[[ TASK INPUT open ]]
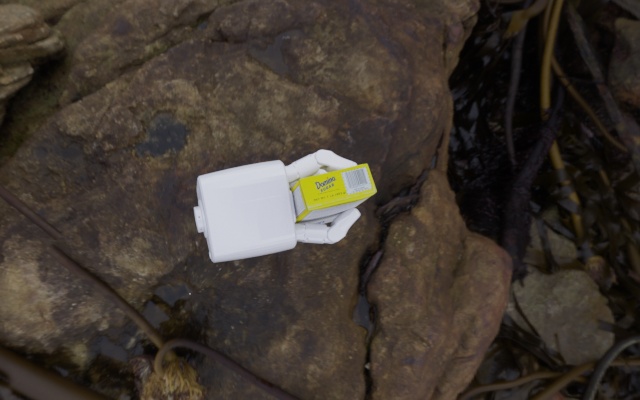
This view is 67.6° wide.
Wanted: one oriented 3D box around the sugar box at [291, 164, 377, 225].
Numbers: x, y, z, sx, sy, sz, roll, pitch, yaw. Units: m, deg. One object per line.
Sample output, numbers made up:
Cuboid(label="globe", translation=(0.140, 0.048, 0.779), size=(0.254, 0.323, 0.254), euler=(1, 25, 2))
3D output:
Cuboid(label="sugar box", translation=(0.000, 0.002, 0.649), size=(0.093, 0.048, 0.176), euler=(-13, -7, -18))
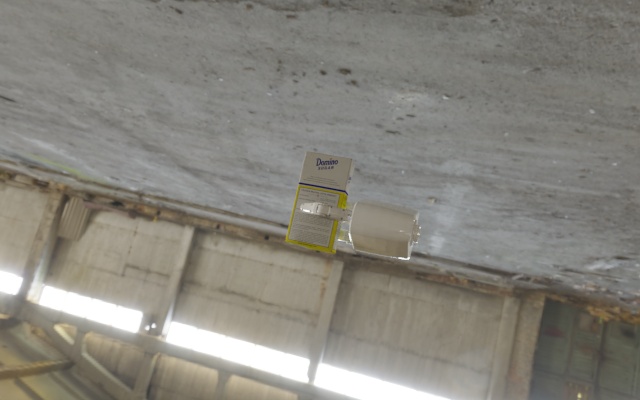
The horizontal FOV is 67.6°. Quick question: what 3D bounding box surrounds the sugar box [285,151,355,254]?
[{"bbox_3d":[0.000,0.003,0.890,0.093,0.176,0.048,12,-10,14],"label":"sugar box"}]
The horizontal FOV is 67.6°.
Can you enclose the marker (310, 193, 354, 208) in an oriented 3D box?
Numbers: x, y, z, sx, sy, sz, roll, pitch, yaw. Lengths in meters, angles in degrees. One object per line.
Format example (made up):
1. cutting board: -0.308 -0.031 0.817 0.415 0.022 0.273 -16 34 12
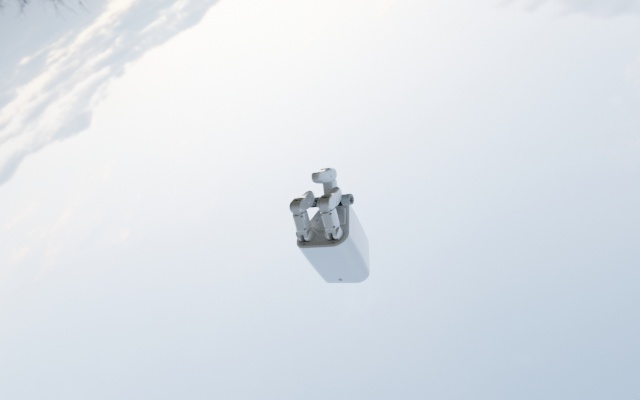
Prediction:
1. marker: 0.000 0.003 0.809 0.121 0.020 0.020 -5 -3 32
[[ TASK INPUT closed ]]
[[ TASK INPUT open ]]
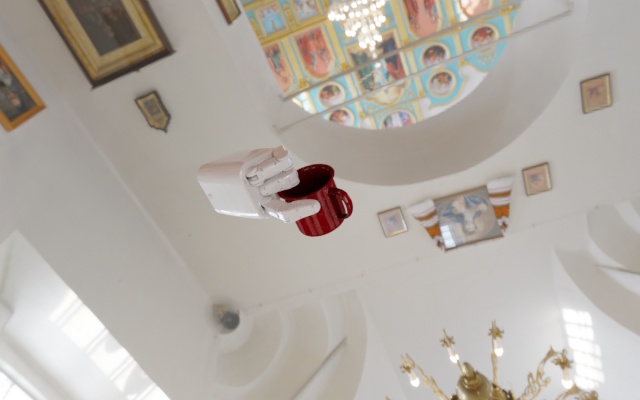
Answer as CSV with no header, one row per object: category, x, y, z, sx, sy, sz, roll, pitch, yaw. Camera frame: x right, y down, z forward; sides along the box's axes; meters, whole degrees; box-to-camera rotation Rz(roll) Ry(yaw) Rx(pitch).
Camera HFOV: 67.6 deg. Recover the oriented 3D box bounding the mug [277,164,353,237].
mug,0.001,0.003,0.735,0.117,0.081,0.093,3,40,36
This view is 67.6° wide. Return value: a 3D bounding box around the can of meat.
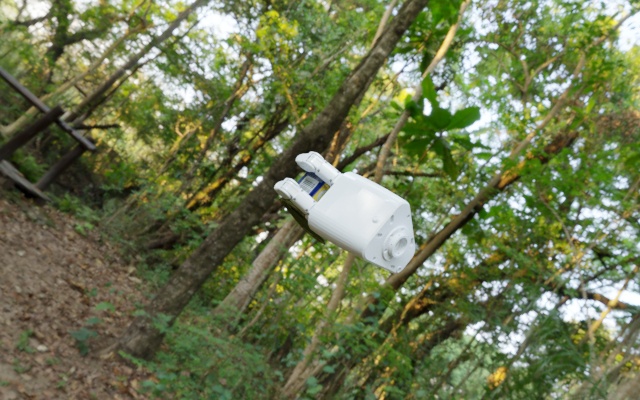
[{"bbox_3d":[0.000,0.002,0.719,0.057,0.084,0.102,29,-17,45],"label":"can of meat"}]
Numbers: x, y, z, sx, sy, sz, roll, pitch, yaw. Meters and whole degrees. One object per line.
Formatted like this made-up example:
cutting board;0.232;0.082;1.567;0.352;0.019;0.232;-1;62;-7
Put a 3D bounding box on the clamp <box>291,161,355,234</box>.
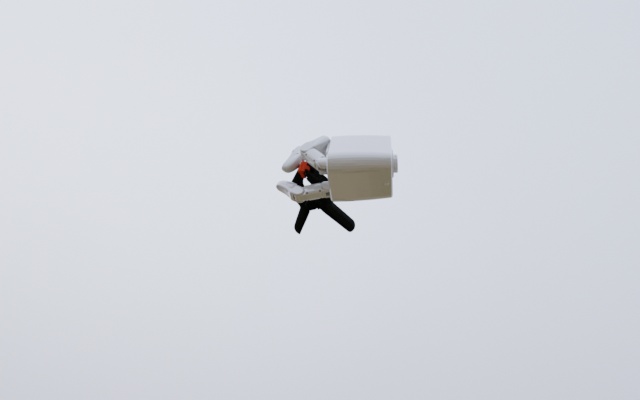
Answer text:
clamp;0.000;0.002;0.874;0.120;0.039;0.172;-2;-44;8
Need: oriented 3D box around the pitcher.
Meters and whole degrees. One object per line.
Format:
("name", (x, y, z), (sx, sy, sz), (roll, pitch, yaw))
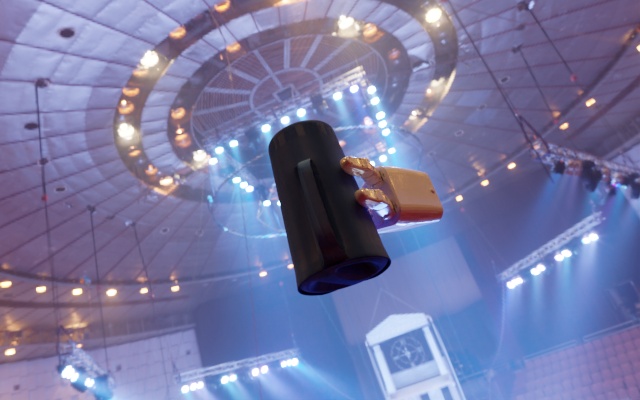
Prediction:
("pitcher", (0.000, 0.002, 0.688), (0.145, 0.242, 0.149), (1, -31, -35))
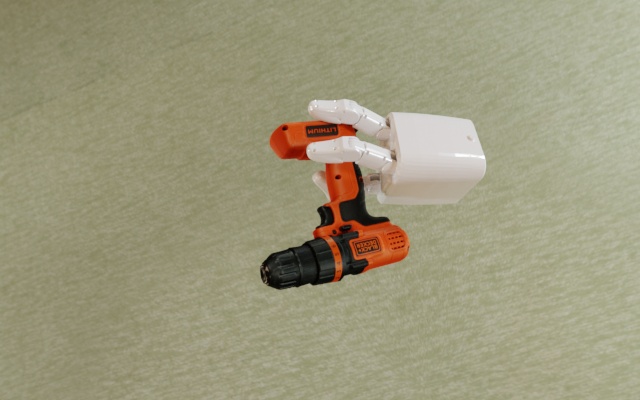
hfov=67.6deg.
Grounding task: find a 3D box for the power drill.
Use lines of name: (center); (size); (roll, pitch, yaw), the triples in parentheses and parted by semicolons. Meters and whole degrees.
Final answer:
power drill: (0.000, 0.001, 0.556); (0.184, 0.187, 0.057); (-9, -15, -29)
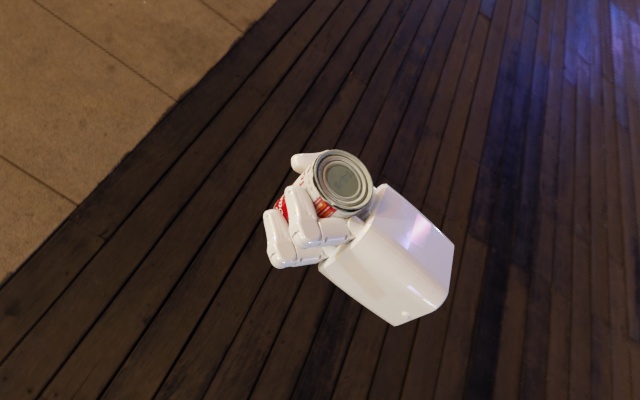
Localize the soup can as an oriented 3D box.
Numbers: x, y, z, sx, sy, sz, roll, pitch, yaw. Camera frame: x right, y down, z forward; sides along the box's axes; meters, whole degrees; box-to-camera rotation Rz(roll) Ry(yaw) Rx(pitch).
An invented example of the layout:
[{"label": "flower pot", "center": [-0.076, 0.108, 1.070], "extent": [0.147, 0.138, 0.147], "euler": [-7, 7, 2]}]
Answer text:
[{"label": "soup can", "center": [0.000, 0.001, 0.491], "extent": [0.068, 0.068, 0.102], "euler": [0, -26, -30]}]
[[ TASK INPUT closed ]]
**EXERCISE INSTRUCTIONS**
Output exactly the lines above that lie between the line with "Wanted: one oriented" and the line with "Numbers: x, y, z, sx, sy, sz, roll, pitch, yaw. Lengths", those two lines included, and no pictures.

**WRITTEN ANSWER**
Wanted: one oriented 3D box around the sugar box at [291, 164, 377, 225].
Numbers: x, y, z, sx, sy, sz, roll, pitch, yaw. Units: m, deg. One object per line.
Sample output, numbers made up:
Cuboid(label="globe", translation=(0.140, 0.048, 0.779), size=(0.254, 0.323, 0.254), euler=(1, 25, 2))
3D output:
Cuboid(label="sugar box", translation=(0.000, 0.002, 0.649), size=(0.093, 0.048, 0.176), euler=(-13, -7, -18))
The horizontal FOV is 67.6°. Quick question: what 3D bounding box surrounds the sugar box [285,151,355,254]?
[{"bbox_3d":[0.000,0.003,0.890,0.093,0.176,0.048,12,-10,14],"label":"sugar box"}]
The horizontal FOV is 67.6°.
Can you enclose the marker (310, 193, 354, 208) in an oriented 3D box?
Numbers: x, y, z, sx, sy, sz, roll, pitch, yaw. Lengths in meters, angles in degrees. One object per line.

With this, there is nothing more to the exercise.